Sep 19, 2025Ravie LakshmananRansomware / Cybercrime
Regulation enforcement authorities within the U.Okay. have arrested two teen members of the Scattered Spider hacking group in reference to their alleged participation in an August 2024 cyber assault focusing on Transport for London (TfL), the town’s public transportation company.
Thalha Jubair (aka EarthtoStar, Brad, Austin, and @autistic), 19, from East London and Owen Flowers, 18, from Walsall, West Midlands had been arrested at their dwelling addresses on Tuesday, the Nationwide Crime Company (NCA) stated. They’re 19 and 18, respectively.
It is price noting that Flowers was initially arrested for his alleged involvement within the TfL assault in September 2024, however was subsequently launched on bail. The company stated it discovered proof of Flowers focusing on U.S. healthcare corporations, and that he has additionally been charged with conspiring with others to infiltrate and injury the networks of SSM Well being Care Company and Sutter Well being.

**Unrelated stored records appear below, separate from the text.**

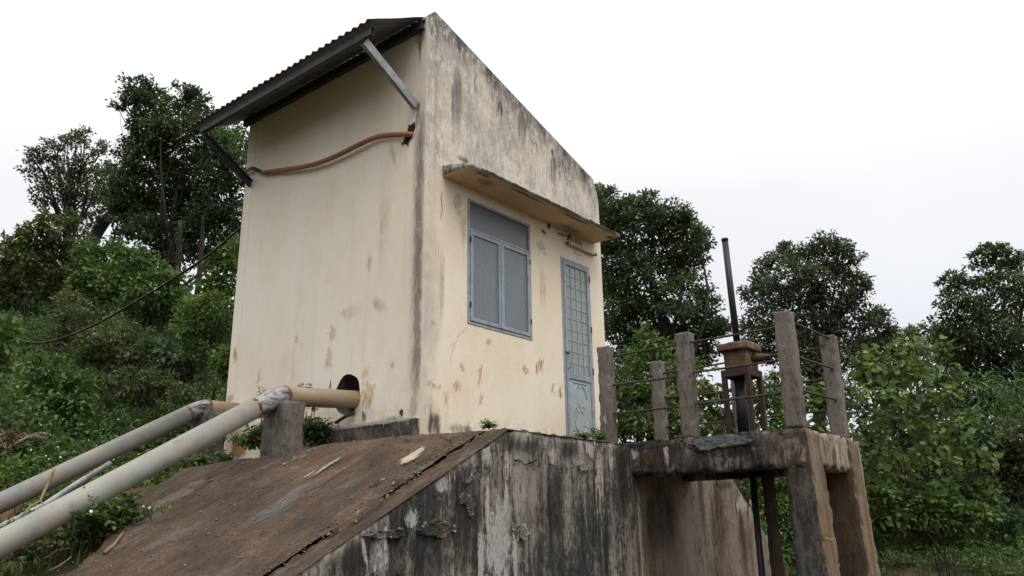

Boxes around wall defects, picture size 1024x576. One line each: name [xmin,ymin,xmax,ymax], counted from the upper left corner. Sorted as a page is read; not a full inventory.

water stain [452,74,460,107]
water stain [416,126,424,183]
water stain [477,168,617,243]
water stain [413,197,423,378]
water stain [399,447,423,463]
water stain [663,447,695,466]
spalling [327,466,456,576]
efflorescence [406,509,418,528]
water stain [436,435,672,576]
water stain [736,495,752,525]
water stain [339,526,388,575]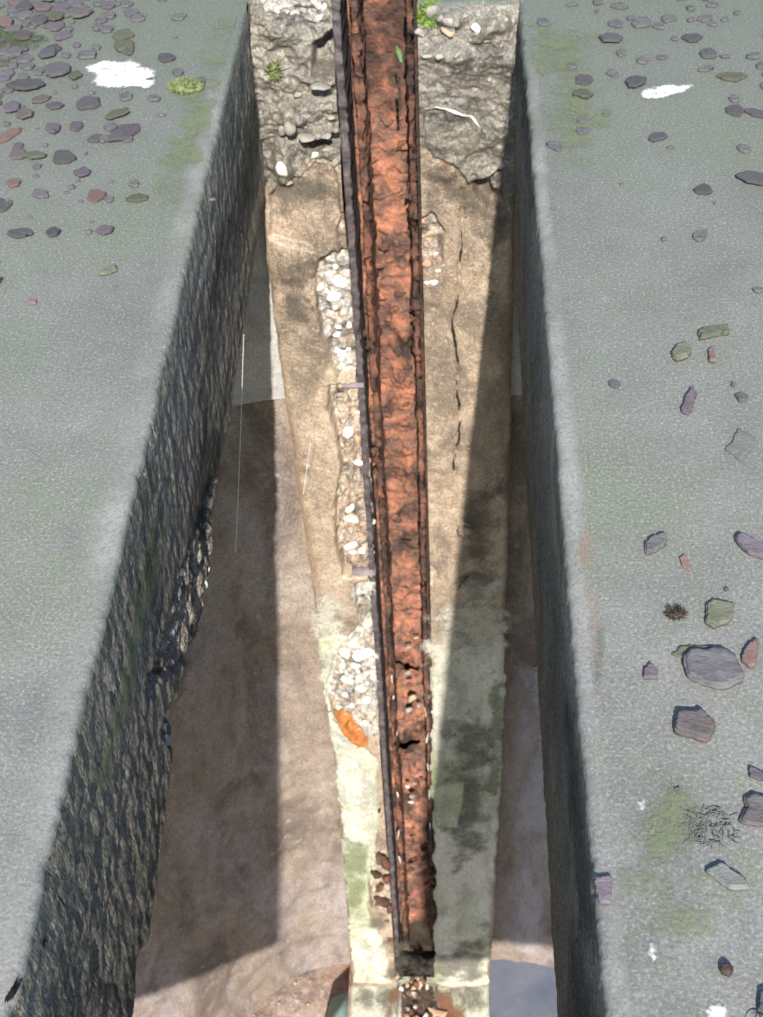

Jubair has additionally been charged beneath the Regulation of Investigatory Powers Act (RIPA) 2000 for failing to give up PINs and passwords for gadgets seized by regulation enforcement from him on March 19, 2025.
“This assault brought about vital disruption and hundreds of thousands in losses to TfL, a part of the UK’s crucial nationwide infrastructure,” Deputy Director Paul Foster, head of the NCA’s Nationwide Cyber Crime Unit, stated. “Earlier this yr, the NCA warned of a rise within the risk from cyber criminals primarily based within the U.Okay. and different English-speaking international locations, of which Scattered Spider is a transparent instance.”
In tandem, the U.S. Division of Justice (DoJ) unsealed a criticism charging Jubair with conspiracies to commit laptop fraud, wire fraud, and cash laundering in relation to no less than 120 laptop community intrusions and extorting 47 U.S. entities from Could 2022 to September 2025.
These assaults concerned using social engineering methods to realize unauthorized entry to the goal networks, after which leveraging that entry to steal and encrypt info, and demand ransom from victims in return for regaining management and stopping the leak of the exfiltrated information.
In keeping with the criticism, victims paid no less than $115,000,000 in ransom funds. The incidents, the DoJ added, brought about widespread disruption to U.S. companies and organizations, together with crucial infrastructure and the federal court docket system, in October 2024 and January 2025.
In July 2024, the DoJ stated regulation enforcement seized cryptocurrency wallets on a server allegedly managed by Jubair and confiscated digital belongings price about $36 million on the time. Jubair can also be stated to have transferred a portion of the proceeds that originated from one of many victims, price about $8.4 million on the time, to a different pockets.
Jubair has been charged with laptop fraud conspiracy, two counts of laptop fraud, wire fraud conspiracy, two counts of wire fraud, and cash laundering conspiracy. If convicted, he faces a most penalty of 95 years in jail.
“Jubair went to nice and complex lengths to maintain himself nameless whereas he and his felony associates continued to assault these victims and extort tens of hundreds of thousands of {dollars} in ransom funds,” stated Alina Habba, Performing U.S. Legal professional and Particular Legal professional for the District of New Jersey.